Tante parole dette da più parti. Ma troppa superficialità utilizzata fin d’ora nell’affrontare il problema.

In questi giorni assistiamo a recrudescenze xenofobe supportate da simbologie storiche obsolete che possano giustificarne l’aggressività e fornirne il supporto ideologico. Inutile dire che chi rompe le vetrine e prende a calci gli immigrati, nulla ha a che vedere con ideali, ideologie e disegni politici. È solo delinquenza che sfoga la sua valvola sul prossimo. Di qualunque colore esso sia. Solo che se pesti un immigrato fa notizia, mentre se scippi una vecchietta finisci su un trafiletto.
Anche così descritta, sebbene logica, questa questione non trova una sua completa giustificazione coerente con la realtà Italiana.

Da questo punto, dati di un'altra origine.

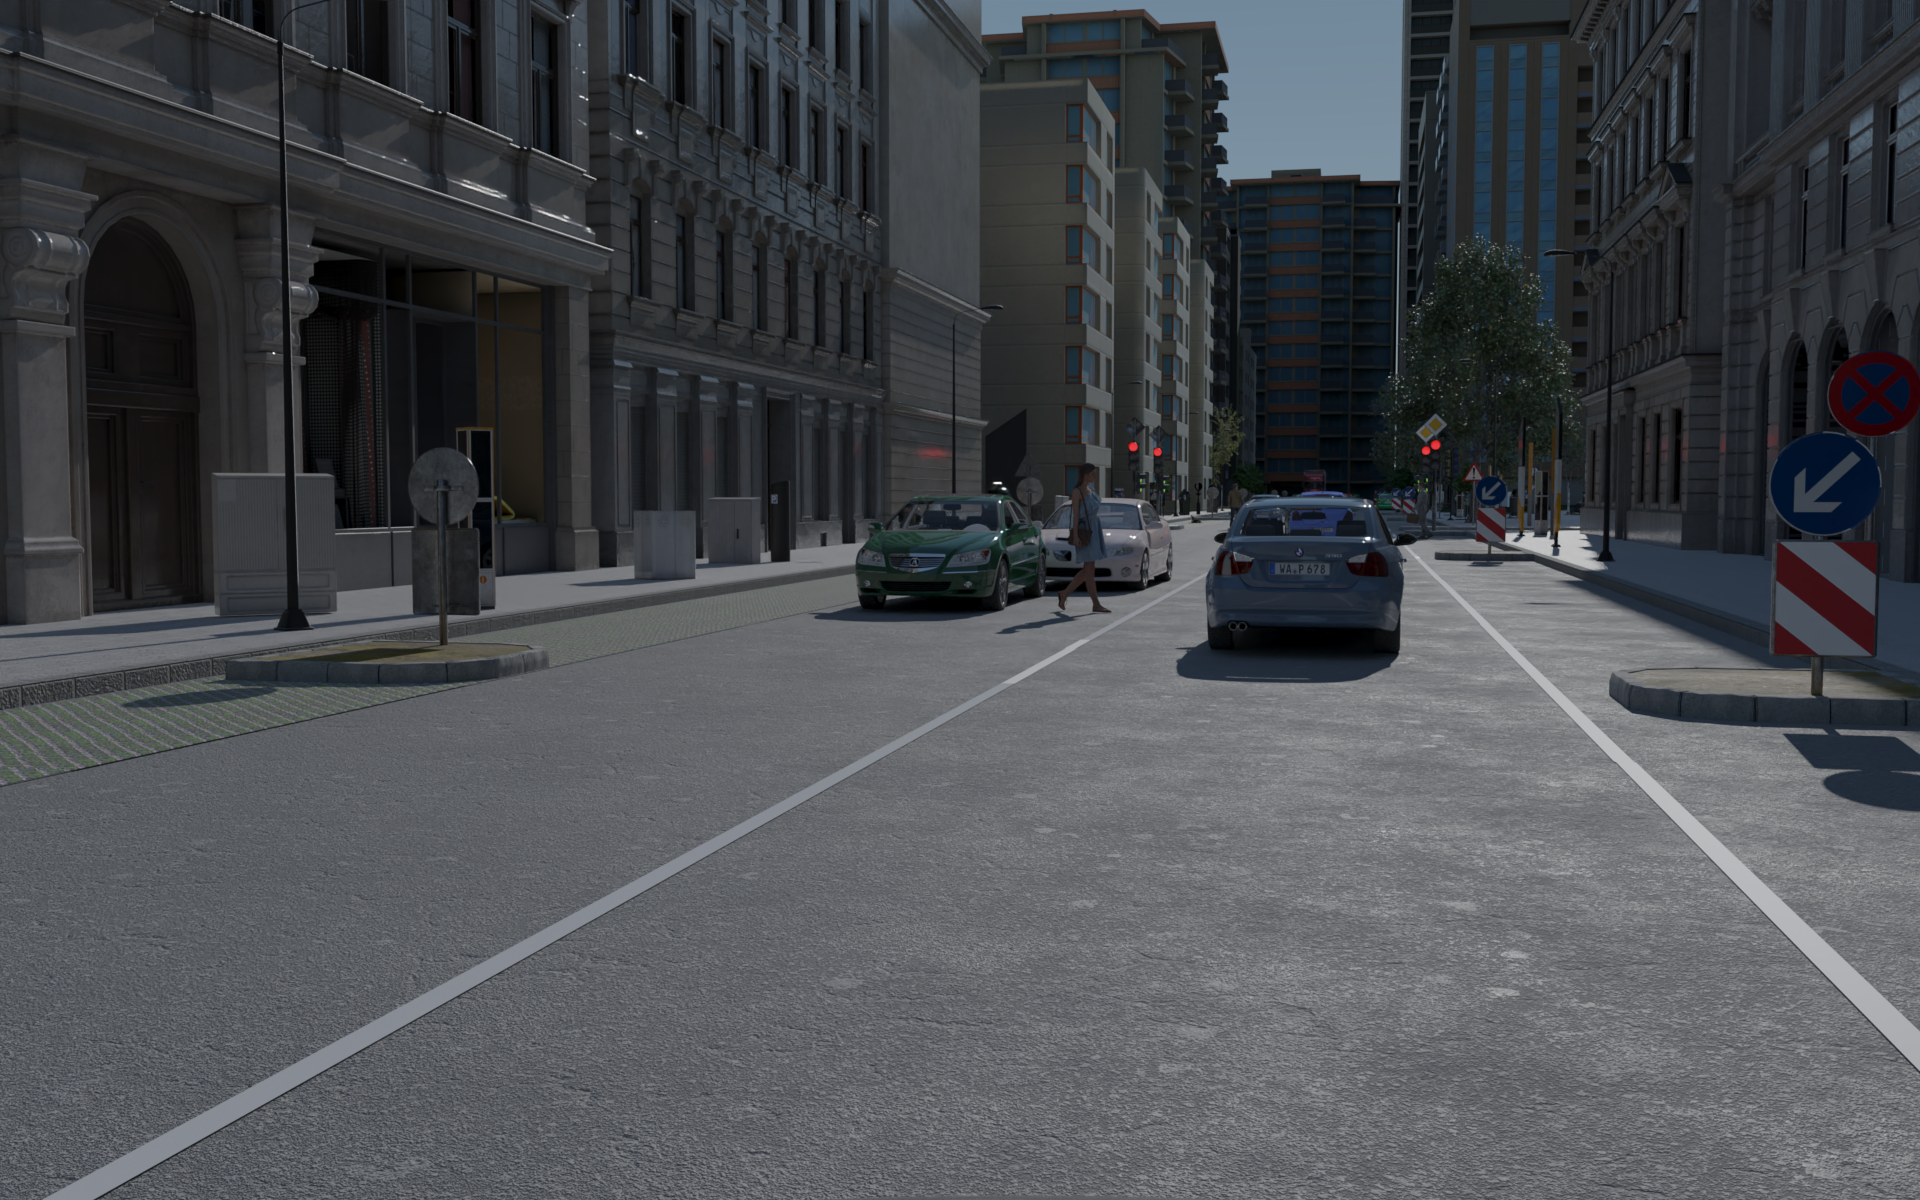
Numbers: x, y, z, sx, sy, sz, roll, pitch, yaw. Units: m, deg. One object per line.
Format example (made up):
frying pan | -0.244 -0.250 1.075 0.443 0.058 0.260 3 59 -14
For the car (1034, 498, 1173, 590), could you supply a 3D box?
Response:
car | 2.251 -0.923 27.451 2.083 1.381 4.827 1 4 14

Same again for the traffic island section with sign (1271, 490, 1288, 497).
traffic island section with sign | 30.880 -9.854 169.732 1.989 1.847 2.006 1 4 13

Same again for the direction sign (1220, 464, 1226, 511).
direction sign | 19.791 -8.467 130.436 0.379 3.537 0.876 -1 4 -19

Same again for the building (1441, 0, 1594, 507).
building | 49.848 -30.621 150.760 14.600 45.320 14.200 1 4 13

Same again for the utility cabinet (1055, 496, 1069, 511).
utility cabinet | 3.510 -2.958 59.531 0.306 1.237 1.020 1 4 15

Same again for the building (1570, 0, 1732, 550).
building | 23.058 -11.140 46.765 10.561 19.102 19.286 1 4 13

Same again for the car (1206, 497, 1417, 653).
car | 3.455 -0.308 17.034 2.014 1.417 4.499 1 4 14

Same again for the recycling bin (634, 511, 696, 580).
recycling bin | -4.476 -0.838 26.250 0.722 1.027 0.722 -2 4 -35

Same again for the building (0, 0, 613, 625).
building | -14.855 -9.766 10.579 10.553 20.767 40.483 1 4 13

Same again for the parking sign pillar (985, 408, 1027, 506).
parking sign pillar | 1.447 -4.048 54.664 1.447 3.967 1.447 0 4 1

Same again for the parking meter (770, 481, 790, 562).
parking meter | -3.407 -1.494 32.831 0.372 1.533 0.369 0 3 0

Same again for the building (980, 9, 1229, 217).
building | 13.238 -30.989 161.293 22.147 44.769 28.867 1 4 13

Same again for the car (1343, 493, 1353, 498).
car | 25.348 -6.481 115.001 2.155 1.783 4.494 1 4 14

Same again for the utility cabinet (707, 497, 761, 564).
utility cabinet | -4.176 -1.273 31.981 1.020 1.237 0.306 2 4 30

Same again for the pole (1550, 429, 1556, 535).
pole | 18.667 -3.703 54.391 0.158 3.312 0.155 0 3 0

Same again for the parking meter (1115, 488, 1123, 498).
parking meter | 6.732 -3.971 73.341 0.372 1.533 0.369 0 3 0

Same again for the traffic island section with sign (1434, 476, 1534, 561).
traffic island section with sign | 11.483 -1.799 38.036 1.989 1.847 2.006 1 4 13

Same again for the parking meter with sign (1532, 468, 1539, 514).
parking meter with sign | 37.353 -7.128 112.810 0.543 3.016 1.738 1 4 20

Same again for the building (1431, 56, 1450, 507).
building | 58.826 -33.767 171.702 23.786 49.044 30.456 1 4 13

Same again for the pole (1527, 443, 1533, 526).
pole | 22.678 -4.590 68.889 0.158 3.312 0.155 0 3 0

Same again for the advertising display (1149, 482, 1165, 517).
advertising display | 10.643 -5.401 93.525 0.974 1.923 0.123 3 5 43

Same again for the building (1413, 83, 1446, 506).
building | 63.345 -35.085 197.343 21.300 48.544 21.600 1 4 13

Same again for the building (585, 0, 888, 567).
building | -8.599 -11.635 39.390 9.793 20.994 18.267 1 4 13

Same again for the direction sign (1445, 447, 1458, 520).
direction sign | 23.864 -5.636 84.139 0.876 3.537 0.379 -2 4 -32

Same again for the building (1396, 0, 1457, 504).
building | 69.388 -48.508 231.359 20.611 71.187 20.563 1 4 13

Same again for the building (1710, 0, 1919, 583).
building | 19.716 -11.184 24.663 13.314 21.916 24.055 1 4 13

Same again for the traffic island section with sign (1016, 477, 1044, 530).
traffic island section with sign | 1.605 -1.959 40.651 1.989 1.847 2.006 1 4 13

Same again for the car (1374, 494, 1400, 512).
car | 32.224 -7.445 130.516 1.959 1.807 4.718 1 4 13

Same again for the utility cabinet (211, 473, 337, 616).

Ma allora dove sta la radice di questi mali che cominciano ad affliggere pesantemente l’ordine pubblico e la tolleranza di cui l’Italia in questi decenni è stata, nel bene e nel male, paese del “bengodi”?

Che gli immigrati clandestini vengono in Italia per l’impunità e per la carenza di controlli è innegabile. Hai voglia a dire che chi fa danni e alimenta il crimine è solo una piccolissima percentuale di stranieri. Sono molti, troppi quelli che delinquono e, purtroppo, troppo bene si confondono con i veri lavoratori onesti, che pure sono tanti e che fanno doppie spese della situazione.

Svantaggi dai connazionali malandrini e svantaggi dagli Italiani diffidenti.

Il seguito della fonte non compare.